Exercise aim
The lines running from the one that contains "Answer yes or no. Yes. Is Dark Cyan greater" to the end of the records below are what to reproduce, exactly and without pictures.

Extracted entries
+--

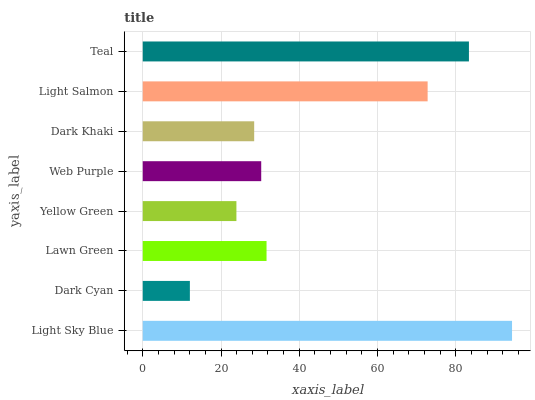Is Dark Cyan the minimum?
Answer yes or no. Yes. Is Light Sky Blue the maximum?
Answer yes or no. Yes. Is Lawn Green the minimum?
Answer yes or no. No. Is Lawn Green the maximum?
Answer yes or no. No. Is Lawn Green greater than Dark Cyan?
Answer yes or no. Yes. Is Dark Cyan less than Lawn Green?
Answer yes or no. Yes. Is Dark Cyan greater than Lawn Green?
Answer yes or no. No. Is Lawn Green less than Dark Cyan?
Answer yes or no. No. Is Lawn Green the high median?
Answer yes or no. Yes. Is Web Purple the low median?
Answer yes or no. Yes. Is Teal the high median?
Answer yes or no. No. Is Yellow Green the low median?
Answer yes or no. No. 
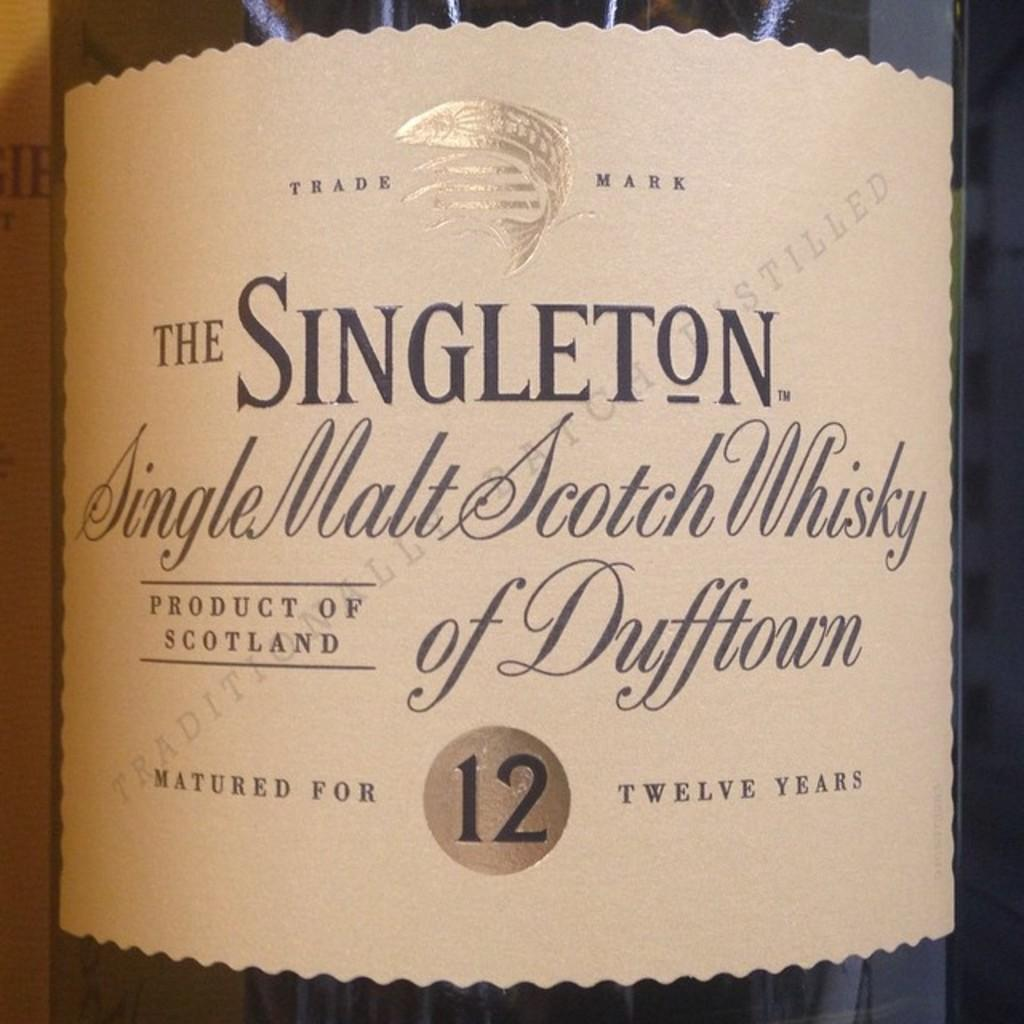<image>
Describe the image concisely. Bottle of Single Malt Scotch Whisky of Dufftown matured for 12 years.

+--

Output for this task
Answer yes or no. Yes. Is Dark Cyan greater than Lawn Green?
Answer yes or no. No. Is Lawn Green less than Dark Cyan?
Answer yes or no. No. Is Lawn Green the high median?
Answer yes or no. Yes. Is Web Purple the low median?
Answer yes or no. Yes. Is Teal the high median?
Answer yes or no. No. Is Yellow Green the low median?
Answer yes or no. No. 
<image>
Describe the image concisely. Bottle of Single Malt Scotch Whisky of Dufftown matured for 12 years.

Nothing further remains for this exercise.